Selama 15 tahun terakhir, Indonesia telah mengurangi lebih dari separuh tingkat kemiskinannya, dari 24% pada tahun 1999 menjadi 11% pada tahun 2014. Tetapi ketidaksetaraan telah meningkat, dan mencapai mereka yang berada di paling bawah akan lebih sulit.

Banyak organisasi berbasis agama dan non-pemerintah mengalami demengembangkan jaringan yang kuat di masyarakat lokal dan telah menempatkan struktur dan lembaga untuk memberikan layanan penting. Jika pemerintah ingin mencapai target kemiskinan dan pembangunan manusia, pemerintah perlu bekerja dengan organisasi-organisasi ini untuk memperluas dan meningkatkan layanan bagi mereka yang paling membutuhkan. Daripada membangun infrastruktur layanan baru, pemerintah dapat mengambil keuntungan dari apa yang sudah ada.

Lembaga Swadaya Masyarakat dan pemerintah merubah regulasi menjadi layanan yang lebih baik untuk masyarakat, mereka bekerja dalam kemitraan dengan menjunjung ketulusan dan rasa percaya juga saling menghormati satu sama lain.

Kedua mitra perlu memastikan mereka tetap bertanggung jawab satu sama lain dan kepada komunitas yang mereka layani.

Jika dilihat dari sejarah pergerakkan Lembaga Swadaya Masyarakat di Indonesia, keberadaan Lembaga ini mulai dari tahun 1970 yang memiliki istilah Organisasi Non Pemerintah (ORNOP) yang mana arti dari Bahasa inggris Non Govermental Organization.

Kemudian pada tahun 1980 baru dikenal dengan istilah LSM atau Lembaga Swadaya Masyarakat.

Seorang penulis buku bernama Peter Hannan meneliti mengenai LSM di Indonesia di tahun 1980 dan ia mengatakan bahwa Lembaga Swadaya Masyarakat adalah organisasi yang memiliki tujuan mengembangkan pembangunan di tingkat grasrtoot melalui penciptaan maupun pemberian dukungan terhadap kelompok swadaya local.

Lembaga Swadaya Masyarakat memiliki banyak tujuan positif  yaitu sebagai media diaspora pemberdayaan masyarakat sehingga dengan adanya pendampingan yang diberikan oleh Lembaga Swadaya Masyarakat dapat membantu secara ekonomi dan juga sosial.

Pemerintah melihat hal positif yang diberikan oleh LSM dan secara resmi mengakui Lembaga Swadaya Masyarakat di Indonesia dengan Instruksi Menteri Dalam Negeri Nomor 8 tahun 1990 tentang pembinaan Lembaga swadaya masyarakat.

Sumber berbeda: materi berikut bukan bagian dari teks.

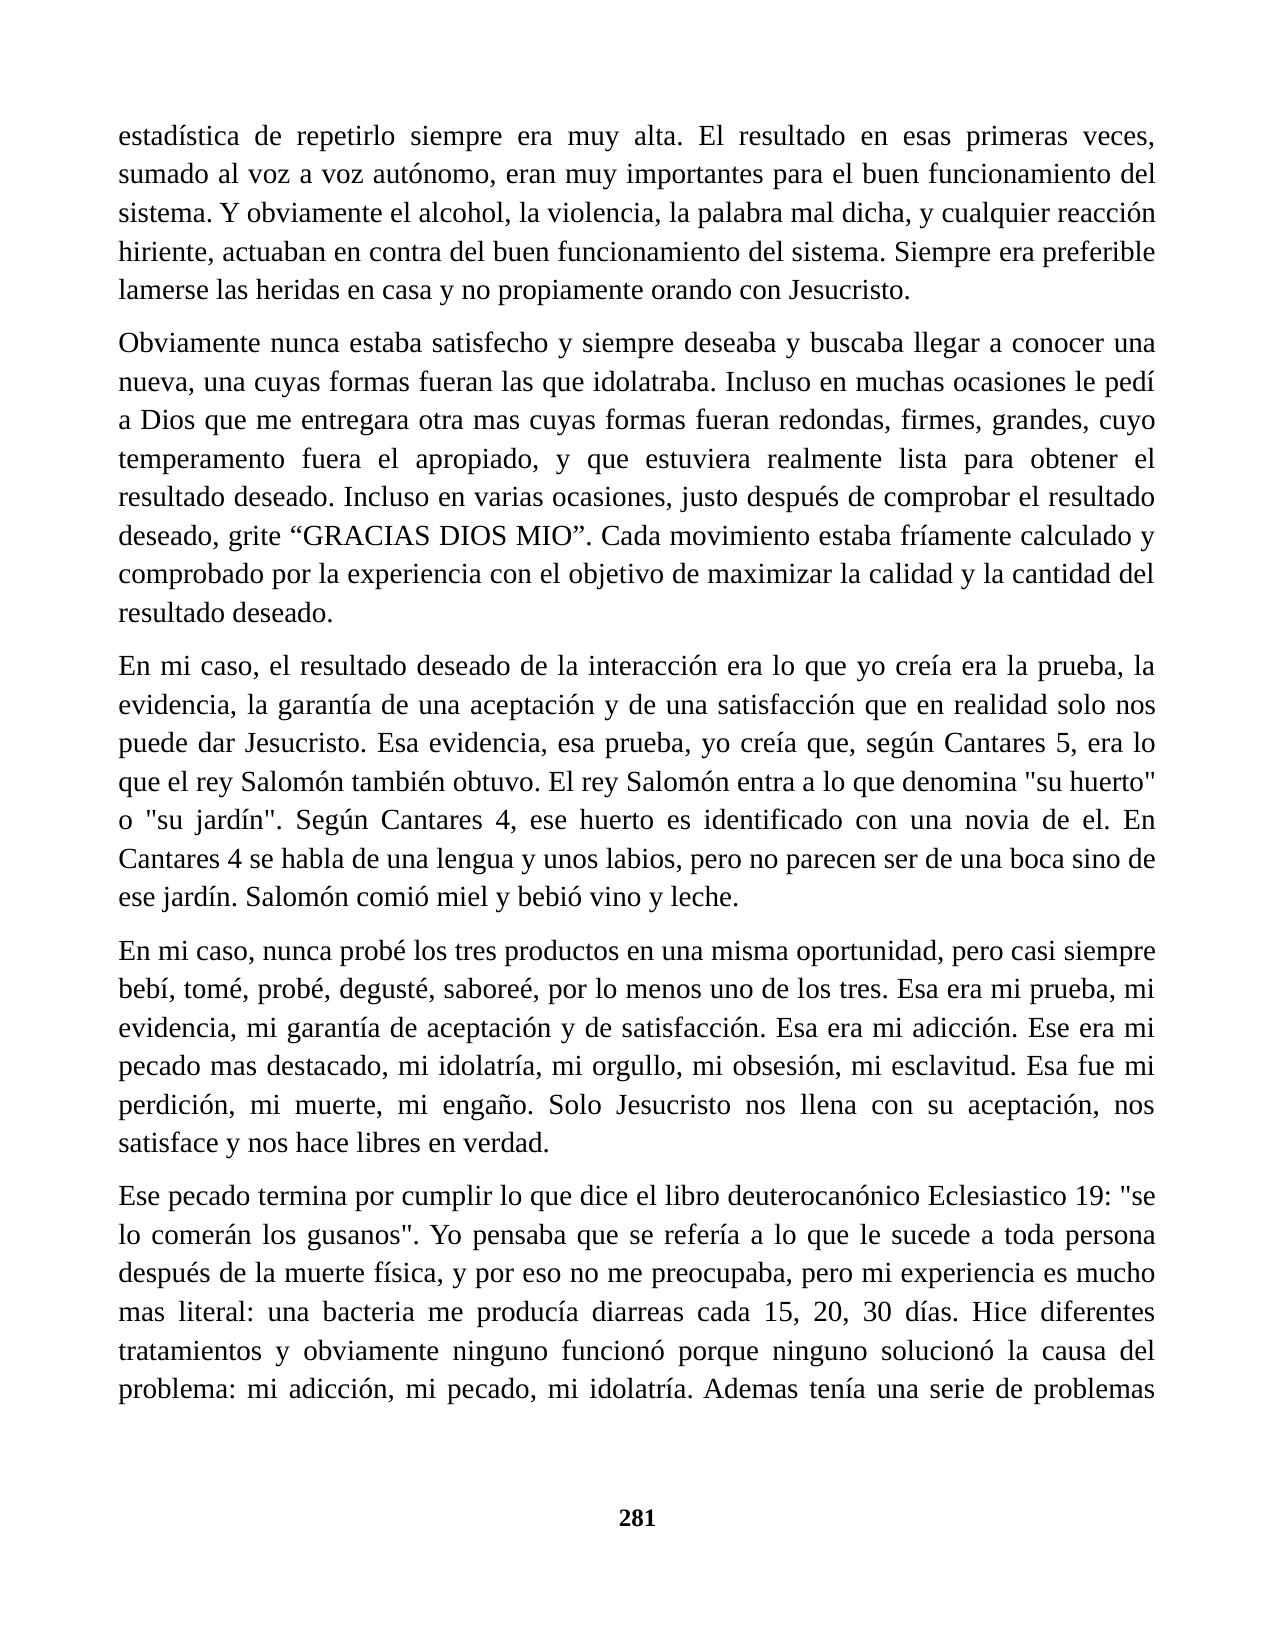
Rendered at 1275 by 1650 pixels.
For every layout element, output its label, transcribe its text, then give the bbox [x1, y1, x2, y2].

text estadística de repetirlo siempre era muy alta. El resultado en esas primeras veces, sumado al voz a voz autónomo, eran muy importantes para el buen funcionamiento del sistema. Y obviamente el alcohol, la violencia, la palabra mal dicha, y cualquier reacción hiriente, actuaban en contra del buen funcionamiento del sistema. Siempre era preferible lamerse las heridas en casa y no propiamente orando con Jesucristo. [118, 118, 1157, 306]
text Obviamente nunca estaba satisfecho y siempre deseaba y buscaba llegar a conocer una nueva, una cuyas formas fueran las que idolatraba. Incluso en muchas ocasiones le pedí a Dios que me entregara otra mas cuyas formas fueran redondas, firmes, grandes, cuyo temperamento fuera el apropiado, y que estuviera realmente lista para obtener el resultado deseado. Incluso en varias ocasiones, justo después de comprobar el resultado deseado, grite “GRACIAS DIOS MIO”. Cada movimiento estaba fríamente calculado y comprobado por la experiencia con el objetivo de maximizar la calidad y la cantidad del resultado deseado. [118, 325, 1157, 629]
text Ese pecado termina por cumplir lo que dice el libro deuterocanónico Eclesiastico 19: "se lo comerán los gusanos". Yo pensaba que se refería a lo que le sucede a toda persona después de la muerte física, y por eso no me preocupaba, pero mi experiencia es mucho mas literal: una bacteria me producía diarreas cada 15, 20, 30 días. Hice diferentes tratamientos y obviamente ninguno funcionó porque ninguno solucionó la causa del problema: mi adicción, mi pecado, mi idolatría. Ademas tenía una serie de problemas [118, 1178, 1157, 1405]
text En mi caso, el resultado deseado de la interacción era lo que yo creía era la prueba, la evidencia, la garantía de una aceptación y de una satisfacción que en realidad solo nos puede dar Jesucristo. Esa evidencia, esa prueba, yo creía que, según Cantares 5, era lo que el rey Salomón también obtuvo. El rey Salomón entra a lo que denomina "su huerto" o "su jardín". Según Cantares 4, ese huerto es identificado con una novia de el. En Cantares 4 se habla de una lengua y unos labios, pero no parecen ser de una boca sino de ese jardín. Salomón comió miel y bebió vino y leche. [118, 648, 1157, 913]
text En mi caso, nunca probé los tres productos en una misma oportunidad, pero casi siempre bebí, tomé, probé, degusté, saboreé, por lo menos uno de los tres. Esa era mi prueba, mi evidencia, mi garantía de aceptación y de satisfacción. Esa era mi adicción. Ese era mi pecado mas destacado, mi idolatría, mi orgullo, mi obsesión, mi esclavitud. Esa fue mi perdición, mi muerte, mi engaño. Solo Jesucristo nos llena con su aceptación, nos satisface y nos hace libres en verdad. [118, 933, 1157, 1159]

Masalahnya merupakan Lembaga Swadaya Masyarakat yang legal diakui oleh pemerintah adalah Lembaga Swadaya Masyarakat yang ada di dalam negeri, hal ini ada dalam lampiran II Instruksi Menteri Dalam Negeri nomor 8 tahun 1990 disebutkan bahwa kriteria LSM adalah didirikan dan beranggotakan warga negara Indonesia. Hingga kini peraturan tersebut masih berlaku, artinya terjadi kekosongan hukum terhadap eksistensi LSM asing.